"Mungkin kita harus siapin kemungkinan terburuk, Bu. Mungkin Nayla harus dirawat di rumah saja..."
Ibu Nayla menangis dalam diam.
Namun malam itu, datang kabar mengejutkan. Salah satu teman Nayla, Via, mengirimkan pesan:
"Tante, ini ada dana bantuan dari komunitas mahasiswa dan relawan alumni. Mereka ngadain lelang dan donasi. Total bantuannya udah hampir cukup untuk biaya pengobatan Nayla beberapa minggu ke depan."
Ibunya terpaku. Air matanya menetes perlahan. Bukan karena sedih, tapi karena haru---karena di saat mereka hampir menyerah, ada tangan-tangan tak terlihat yang datang menyentuh hati mereka.
---
Di kamar rumah sakit, Nayla menerima sepucuk surat tanpa nama. Di dalamnya hanya ada tulisan tangan:
"Cinta itu kadang nggak perlu diingat untuk dirasa. Kamu boleh lupa aku, Nay. Tapi aku nggak akan pernah lupa alasan kenapa aku tetap di sini."

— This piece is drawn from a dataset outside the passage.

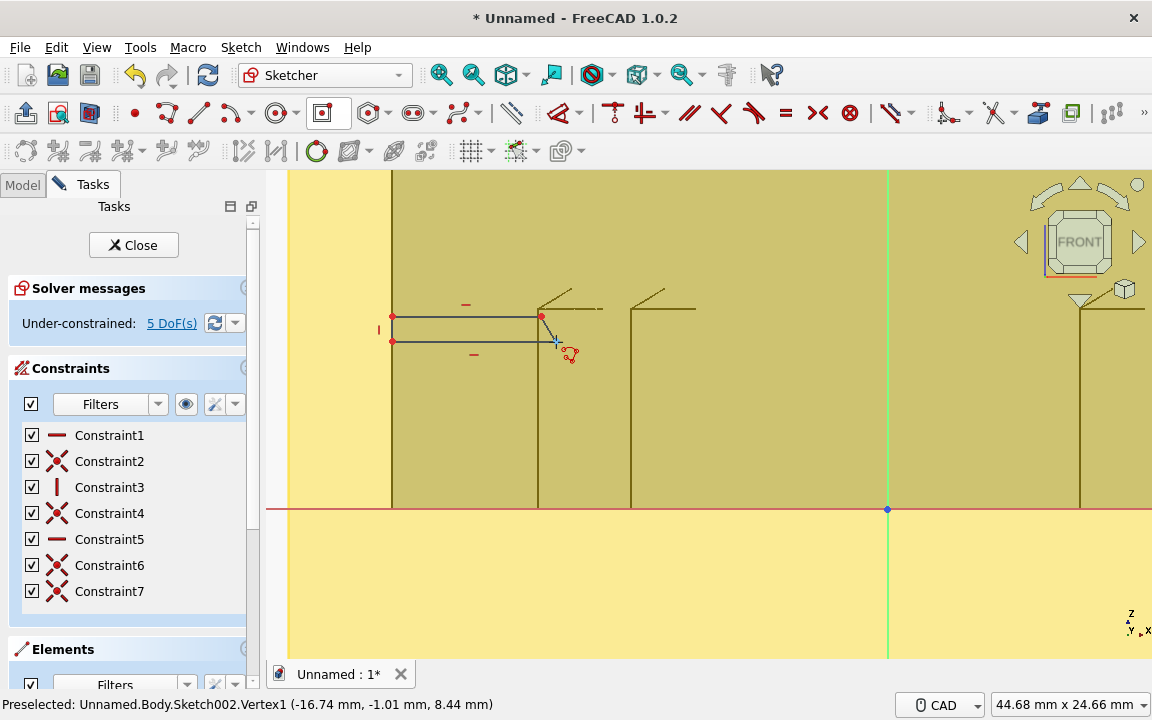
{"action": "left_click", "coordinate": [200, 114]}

Nayla membacanya berkali-kali. Jantungnya berdebar. Ia tahu betul siapa pengirimnya, meski nama tak tercantum. Dan untuk pertama kalinya... ia mengaku pada dirinya sendiri:
"Aku takut kehilangan Raka."
Kata-kata itu ia bisikkan di dalam hati, tapi terasa nyaring di dada.
---
Beberapa hari kemudian, Nayla melihat brosur penggalangan dana di media sosial. Di sana, ada foto lamanya bersama Raka, saat mereka masih aktif jadi relawan. Ada keterangan: "Untuk sahabat kami: yang dulu memberi, kini saatnya menerima."